Now, that you have got yourself a new family member – Beagle, what’s next? Commit yourself to have her house trained? So where do you begin? That is really easy – you just start small! In fact, obedience training for small dogs shouldn’t be too hard, just follow on the following tips to get you moving!
Before you get started, you need to be mentally prepared and allocate sufficient time for the training. Patience will be the key to success. This is especially so when you are training a dog that is rather intelligent and, at the same time, impulsive. These are two factors that can be difficult to deal with, but once you overcome them, the training process will be so much fun and worth it.
So, the very first place to start is to learn more about your dog. The more you know and understand your dog, the better equipped you will be to train him and make the whole obedience training process a much easier and more enjoyable one. Do you know that your dog is as eager as you are to get trained?
For a start, set aside thirty or forty minutes each day, depending on how old your pet is and start with some simple obedience exercises. Teaching her the “sit” and “down” commands are the essential for any obedience training.
These commands could be a breeze for older dogs but for young puppies, the exercises should be carried out with distractions like a treat or a toy. This way, you ensure that your dog does not get a reward for simply responding to a command, but instead looks forward to future challenges!
You would also need to spend some time working with your dog to build her trust. Playing with her is one of the approach. Games such as “Tug of War” and “Frisbee” work pretty well to create bond with your pet.
As for the training on basic commands, I would suggest you to begin with asking your dog to “come” followed by a reward and keep repeating this. She will gradually begin to associate “come” with a reward and will soon get the idea that “come” is a good thing!
If your dog responds fearfully to “come”, change the words that you use to get the response you want. Try saying “here” or “close” when your dog gets up on her hind legs and reward her for her response.
When you starts training her on some basic commands, remember to keep a look out on her “reaction” and adjust your training program accordingly. This will help your dog to develop a rewarding interest in her learning (positive reinforcement) and will also help to develop a stronger co-operation.
Positive reinforcement is by far the best motivator to motivate your dog to do anything. She will work harder simply because she knows that she will receive a reward for her efforts. What you are trying to achieve is a point where she will do the right thing no matter in what the circumstances after the training.
There are a variety of ways that you can teach your dog for obedience. You can use voice commands, of course, but hand signals are essential to her as well. In fact, the best training approach would be to actually teach her hand signals over voice. She can associate the voice commands she knows with something she sees you do.
You can teach your dog hand signals in a similar way. Instead of associating the command with a visual object, you can associate the command with an action that she knows. This works really well.
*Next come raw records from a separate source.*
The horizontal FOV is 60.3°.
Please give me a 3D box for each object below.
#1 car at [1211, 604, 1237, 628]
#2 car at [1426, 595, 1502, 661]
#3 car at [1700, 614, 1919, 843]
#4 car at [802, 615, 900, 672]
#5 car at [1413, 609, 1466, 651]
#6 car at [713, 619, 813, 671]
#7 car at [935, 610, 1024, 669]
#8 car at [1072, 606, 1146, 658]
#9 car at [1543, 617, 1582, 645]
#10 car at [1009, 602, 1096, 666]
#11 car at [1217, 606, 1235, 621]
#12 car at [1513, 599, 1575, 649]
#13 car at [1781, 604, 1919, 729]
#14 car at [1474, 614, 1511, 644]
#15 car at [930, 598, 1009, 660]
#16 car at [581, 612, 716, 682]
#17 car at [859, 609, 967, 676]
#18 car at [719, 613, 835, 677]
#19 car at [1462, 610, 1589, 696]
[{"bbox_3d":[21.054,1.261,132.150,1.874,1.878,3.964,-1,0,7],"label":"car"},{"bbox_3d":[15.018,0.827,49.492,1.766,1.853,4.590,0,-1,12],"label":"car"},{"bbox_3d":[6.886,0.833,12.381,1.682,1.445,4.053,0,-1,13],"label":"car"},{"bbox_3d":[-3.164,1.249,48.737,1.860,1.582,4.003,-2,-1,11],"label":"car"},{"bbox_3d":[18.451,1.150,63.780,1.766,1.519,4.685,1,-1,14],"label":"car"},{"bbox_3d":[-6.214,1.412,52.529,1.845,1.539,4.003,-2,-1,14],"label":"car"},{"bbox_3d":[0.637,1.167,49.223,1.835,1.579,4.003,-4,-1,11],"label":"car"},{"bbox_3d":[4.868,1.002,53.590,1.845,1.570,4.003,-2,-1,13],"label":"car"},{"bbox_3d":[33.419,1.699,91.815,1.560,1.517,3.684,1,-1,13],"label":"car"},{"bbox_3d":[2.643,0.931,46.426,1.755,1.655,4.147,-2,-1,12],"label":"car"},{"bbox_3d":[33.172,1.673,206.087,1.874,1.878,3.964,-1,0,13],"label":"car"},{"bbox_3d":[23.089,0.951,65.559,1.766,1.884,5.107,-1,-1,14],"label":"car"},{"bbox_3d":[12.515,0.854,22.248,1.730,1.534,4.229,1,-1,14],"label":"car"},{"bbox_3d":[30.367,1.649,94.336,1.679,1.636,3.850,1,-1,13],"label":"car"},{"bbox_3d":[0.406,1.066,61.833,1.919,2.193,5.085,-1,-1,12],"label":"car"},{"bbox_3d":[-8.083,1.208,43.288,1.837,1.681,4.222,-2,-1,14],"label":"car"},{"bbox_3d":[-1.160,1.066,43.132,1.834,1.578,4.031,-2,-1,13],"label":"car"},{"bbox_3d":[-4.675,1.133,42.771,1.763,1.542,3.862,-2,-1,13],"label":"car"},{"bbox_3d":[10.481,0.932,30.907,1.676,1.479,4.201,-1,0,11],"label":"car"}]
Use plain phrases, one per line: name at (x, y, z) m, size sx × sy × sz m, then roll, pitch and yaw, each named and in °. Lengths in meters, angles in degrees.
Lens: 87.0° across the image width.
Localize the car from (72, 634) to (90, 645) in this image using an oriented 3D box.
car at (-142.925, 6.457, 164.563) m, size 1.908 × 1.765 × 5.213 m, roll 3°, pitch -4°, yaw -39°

Spend a little time each day with your dog. When she is sitting somewhere at one corner of your home, make a hand signal to her, say “Bella”, while showing her the chosen signal. She’ll get to associate that signal with the command “come”.
Once she has learned the voice command and associated it with the right hand gesture, you can start on another hand signal command. Remember though, you have to be consistent because she will eventually associate the different signal with command that you had given.
Teach your dog new tricks slowly and patiently. If you want to teach her to “roll over”, you have to take it slow. Teach her one command at a time and make sure she practice that each day.
Just remember that do not ever let your lovely dog believe that she is going to be allowed to do whatever she wants to. You need to train her to “see” you as the leader of the pack and that means you are her leader whether you are at home or not.
Never let your dog rules the household. If you do, then you are encouraging her to become dominant and if that happens, all kinds of bad behaviors will be the result.
You must set rules, and be very consistent about those rules. This is going to be crucial to the success of your training. If you want your dog to know who is the boss, you need to be headstrong in your convincing her that you are her pack leader. In the same vein, you must make it known that you are the “Alpha” pet and she should look to you for guidance and leadership.
Dogs are much happier when they have clear rules to follow. When you establish that leader of the pack that she must listen to, your dog will be much more happy and eager to follow your leads.
As no two dogs react exactly alike, the learning process depends on the type of response that your pet finds acceptable. However, a basic understanding of her behaviors can potentially make the training process smoother and more enjoyable.
Be patient, consistent and keep the training sessions brief. Do not move on to the next level until he is consistently obeying your commands. Remember that it may take awhile for her to pick up the training.